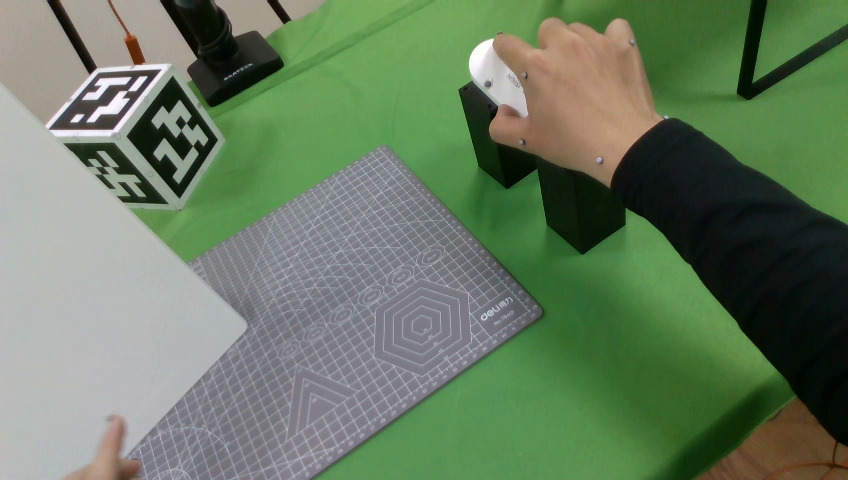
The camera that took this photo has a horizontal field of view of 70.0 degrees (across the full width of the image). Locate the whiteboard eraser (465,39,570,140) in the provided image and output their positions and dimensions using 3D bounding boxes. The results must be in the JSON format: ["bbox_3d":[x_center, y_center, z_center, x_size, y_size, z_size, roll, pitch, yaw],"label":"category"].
[{"bbox_3d":[0.074,-0.122,0.489,0.041,0.019,0.101,-45,78,3],"label":"whiteboard eraser"}]

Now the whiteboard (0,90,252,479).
[{"bbox_3d":[-0.345,0.046,0.511,0.142,0.308,0.216,13,56,51],"label":"whiteboard"}]
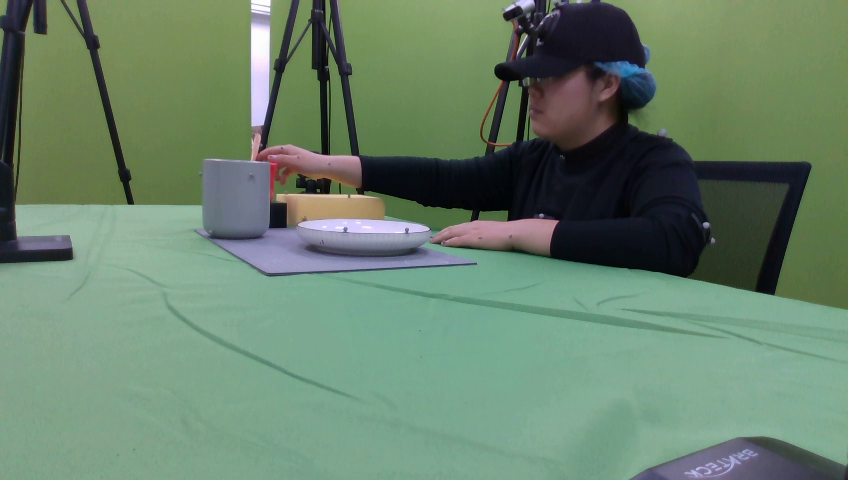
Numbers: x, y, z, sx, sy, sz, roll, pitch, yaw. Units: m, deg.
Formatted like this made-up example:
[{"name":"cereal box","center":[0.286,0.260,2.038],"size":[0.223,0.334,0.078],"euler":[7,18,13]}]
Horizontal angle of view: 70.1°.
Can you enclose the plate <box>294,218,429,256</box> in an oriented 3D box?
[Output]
[{"name":"plate","center":[-0.096,-0.005,0.936],"size":[0.208,0.039,0.207],"euler":[3,7,0]}]

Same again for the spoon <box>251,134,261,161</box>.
[{"name":"spoon","center":[-0.341,-0.152,1.206],"size":[0.042,0.021,0.193],"euler":[2,51,-6]}]

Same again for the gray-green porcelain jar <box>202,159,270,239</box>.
[{"name":"gray-green porcelain jar","center":[-0.310,-0.068,0.999],"size":[0.106,0.126,0.106],"euler":[3,8,0]}]

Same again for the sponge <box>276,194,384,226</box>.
[{"name":"sponge","center":[-0.203,-0.067,1.312],"size":[0.208,0.061,0.117],"euler":[-3,9,-36]}]
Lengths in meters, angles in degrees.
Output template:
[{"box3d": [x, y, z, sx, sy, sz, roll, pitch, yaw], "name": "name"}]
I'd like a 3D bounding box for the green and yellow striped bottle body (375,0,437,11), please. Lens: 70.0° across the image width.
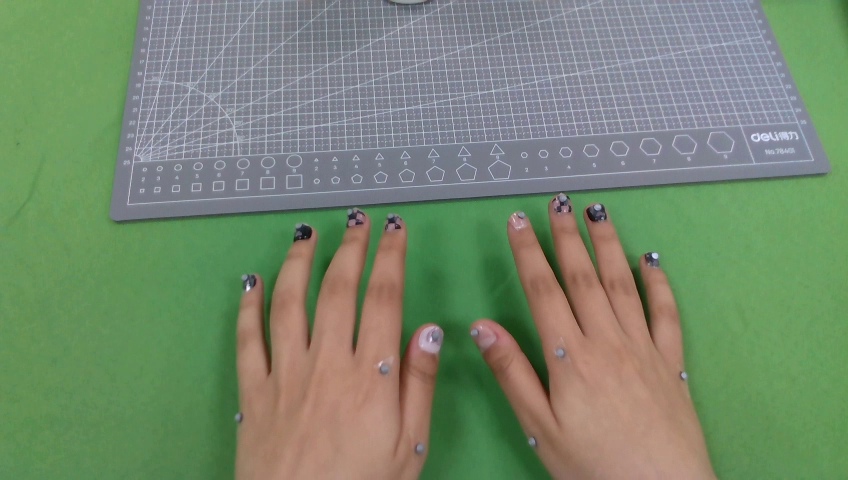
[{"box3d": [-0.013, -0.218, 0.397, 0.063, 0.120, 0.062, 1, 64, -1], "name": "green and yellow striped bottle body"}]
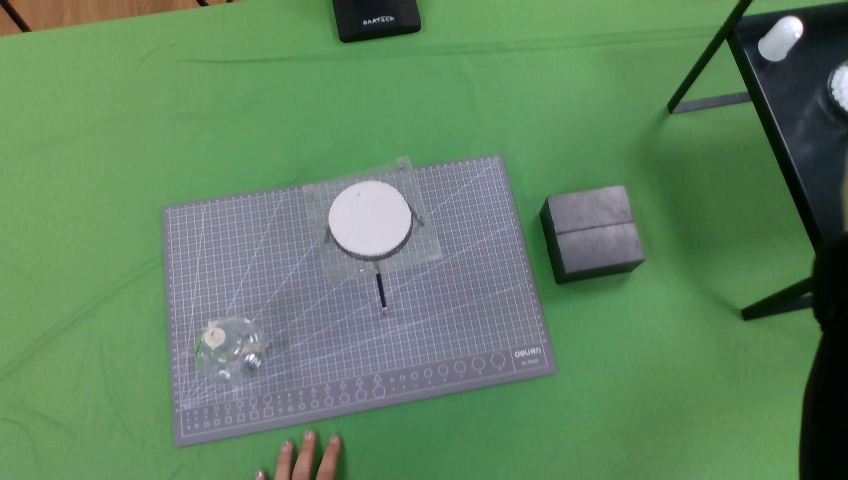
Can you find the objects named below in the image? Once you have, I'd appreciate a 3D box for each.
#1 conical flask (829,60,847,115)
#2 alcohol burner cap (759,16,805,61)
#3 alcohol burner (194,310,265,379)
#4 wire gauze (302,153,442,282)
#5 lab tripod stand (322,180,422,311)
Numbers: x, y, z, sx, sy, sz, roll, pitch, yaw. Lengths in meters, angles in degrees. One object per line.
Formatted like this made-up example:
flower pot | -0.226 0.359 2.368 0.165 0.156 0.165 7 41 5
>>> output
conical flask | 0.474 -0.178 0.601 0.075 0.122 0.075 1 71 -2
alcohol burner cap | 0.390 -0.220 0.654 0.034 0.048 0.033 0 72 -1
alcohol burner | -0.219 0.111 0.669 0.078 0.120 0.077 1 69 -2
wire gauze | -0.057 -0.025 0.640 0.125 0.011 0.120 -15 73 -8
lab tripod stand | -0.057 -0.005 0.704 0.148 0.132 0.147 1 69 -2
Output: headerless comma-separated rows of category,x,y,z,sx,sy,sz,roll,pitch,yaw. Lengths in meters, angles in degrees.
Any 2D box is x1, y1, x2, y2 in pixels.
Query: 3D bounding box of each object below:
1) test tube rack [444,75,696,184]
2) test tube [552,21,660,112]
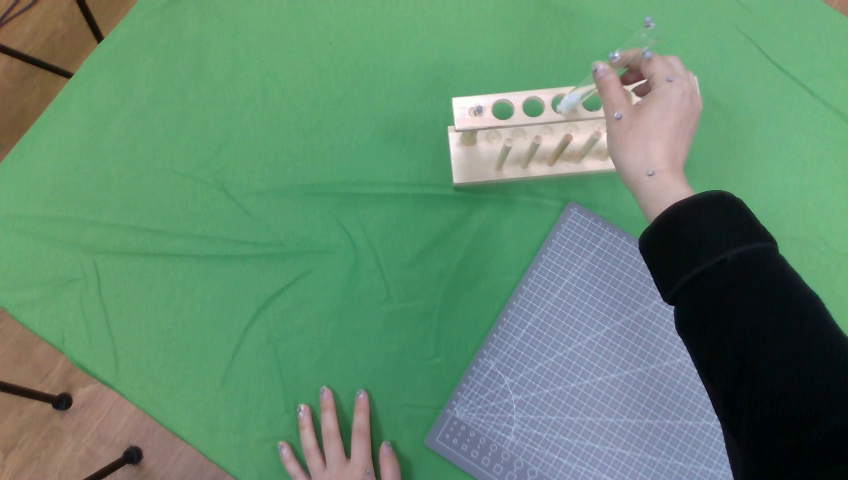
test tube rack,0.146,-0.112,0.629,0.242,0.085,0.066,-5,79,-2
test tube,0.151,-0.144,0.525,0.017,0.150,0.017,3,79,-16
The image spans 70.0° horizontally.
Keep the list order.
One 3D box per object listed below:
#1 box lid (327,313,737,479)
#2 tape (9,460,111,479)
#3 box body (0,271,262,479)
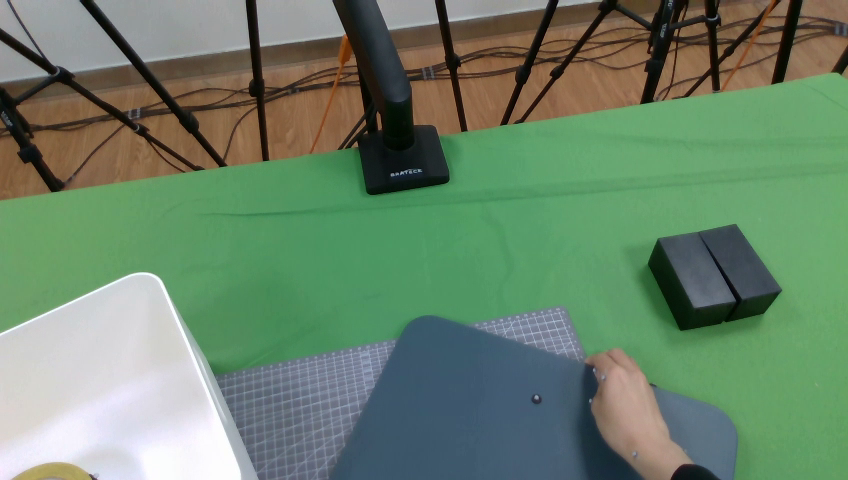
[{"bbox_3d":[0.108,0.226,0.601,0.370,0.015,0.262,16,55,16],"label":"box lid"},{"bbox_3d":[-0.345,0.266,0.559,0.117,0.053,0.115,-1,52,1],"label":"tape"},{"bbox_3d":[-0.342,0.229,0.526,0.364,0.162,0.251,-27,57,-17],"label":"box body"}]
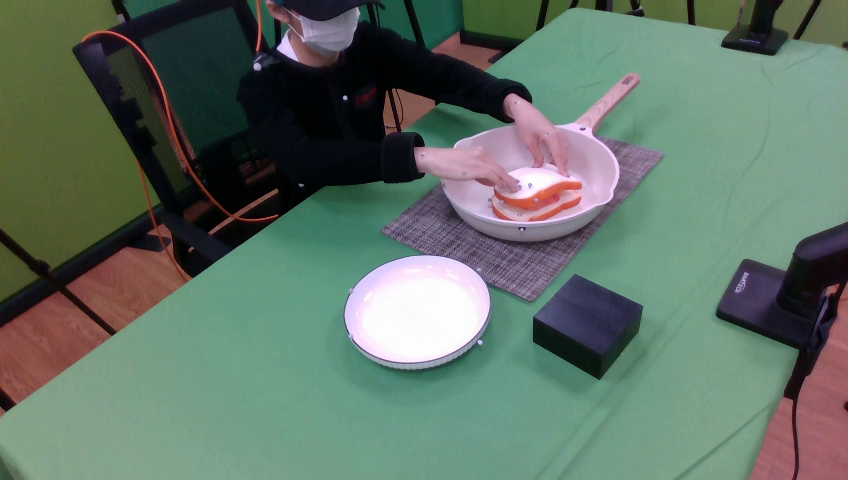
━━━
Description of the task =>
The expected answer is the listing above, duplicated exactly, with its pictures removed.

Answer to this task =>
The camera that took this photo has a horizontal field of view of 70.0 degrees (across the full width of the image). Locate the whiteboard eraser (465,39,570,140) in the provided image and output their positions and dimensions using 3D bounding boxes. The results must be in the JSON format: ["bbox_3d":[x_center, y_center, z_center, x_size, y_size, z_size, roll, pitch, yaw],"label":"category"].
[{"bbox_3d":[0.074,-0.122,0.489,0.041,0.019,0.101,-45,78,3],"label":"whiteboard eraser"}]

Now the whiteboard (0,90,252,479).
[{"bbox_3d":[-0.345,0.046,0.511,0.142,0.308,0.216,13,56,51],"label":"whiteboard"}]
Numbers: x, y, z, sx, sy, sz, roll, pitch, yaw. Units: m, deg.
Formatted like this made-up example:
[{"name":"cereal box","center":[0.286,0.260,2.038],"size":[0.223,0.334,0.078],"euler":[7,18,13]}]
Horizontal angle of view: 70.1°.
Can you enclose the plate <box>294,218,429,256</box> in an oriented 3D box?
[Output]
[{"name":"plate","center":[-0.096,-0.005,0.936],"size":[0.208,0.039,0.207],"euler":[3,7,0]}]

Same again for the spoon <box>251,134,261,161</box>.
[{"name":"spoon","center":[-0.341,-0.152,1.206],"size":[0.042,0.021,0.193],"euler":[2,51,-6]}]

Same again for the gray-green porcelain jar <box>202,159,270,239</box>.
[{"name":"gray-green porcelain jar","center":[-0.310,-0.068,0.999],"size":[0.106,0.126,0.106],"euler":[3,8,0]}]

Same again for the sponge <box>276,194,384,226</box>.
[{"name":"sponge","center":[-0.203,-0.067,1.312],"size":[0.208,0.061,0.117],"euler":[-3,9,-36]}]
Lengths in meters, angles in degrees.
Output template:
[{"box3d": [x, y, z, sx, sy, sz, roll, pitch, yaw], "name": "name"}]
I'd like a 3D bounding box for the green and yellow striped bottle body (375,0,437,11), please. Lens: 70.0° across the image width.
[{"box3d": [-0.013, -0.218, 0.397, 0.063, 0.120, 0.062, 1, 64, -1], "name": "green and yellow striped bottle body"}]
Can you find the objects named below in the image? Once you have, I'd appreciate a 3D box for each.
#1 conical flask (829,60,847,115)
#2 alcohol burner cap (759,16,805,61)
#3 alcohol burner (194,310,265,379)
#4 wire gauze (302,153,442,282)
#5 lab tripod stand (322,180,422,311)
Numbers: x, y, z, sx, sy, sz, roll, pitch, yaw. Lengths in meters, angles in degrees. One object per line.
Formatted like this made-up example:
flower pot | -0.226 0.359 2.368 0.165 0.156 0.165 7 41 5
>>> output
conical flask | 0.474 -0.178 0.601 0.075 0.122 0.075 1 71 -2
alcohol burner cap | 0.390 -0.220 0.654 0.034 0.048 0.033 0 72 -1
alcohol burner | -0.219 0.111 0.669 0.078 0.120 0.077 1 69 -2
wire gauze | -0.057 -0.025 0.640 0.125 0.011 0.120 -15 73 -8
lab tripod stand | -0.057 -0.005 0.704 0.148 0.132 0.147 1 69 -2
Output: headerless comma-separated rows of category,x,y,z,sx,sy,sz,roll,pitch,yaw. Lengths in meters, angles in degrees.
Any 2D box is x1, y1, x2, y2 in pixels.
Query: 3D bounding box of each object below:
1) test tube rack [444,75,696,184]
2) test tube [552,21,660,112]
test tube rack,0.146,-0.112,0.629,0.242,0.085,0.066,-5,79,-2
test tube,0.151,-0.144,0.525,0.017,0.150,0.017,3,79,-16
The image spans 70.0° horizontally.
Keep the list order.
One 3D box per object listed below:
#1 box lid (327,313,737,479)
#2 tape (9,460,111,479)
#3 box body (0,271,262,479)
[{"bbox_3d":[0.108,0.226,0.601,0.370,0.015,0.262,16,55,16],"label":"box lid"},{"bbox_3d":[-0.345,0.266,0.559,0.117,0.053,0.115,-1,52,1],"label":"tape"},{"bbox_3d":[-0.342,0.229,0.526,0.364,0.162,0.251,-27,57,-17],"label":"box body"}]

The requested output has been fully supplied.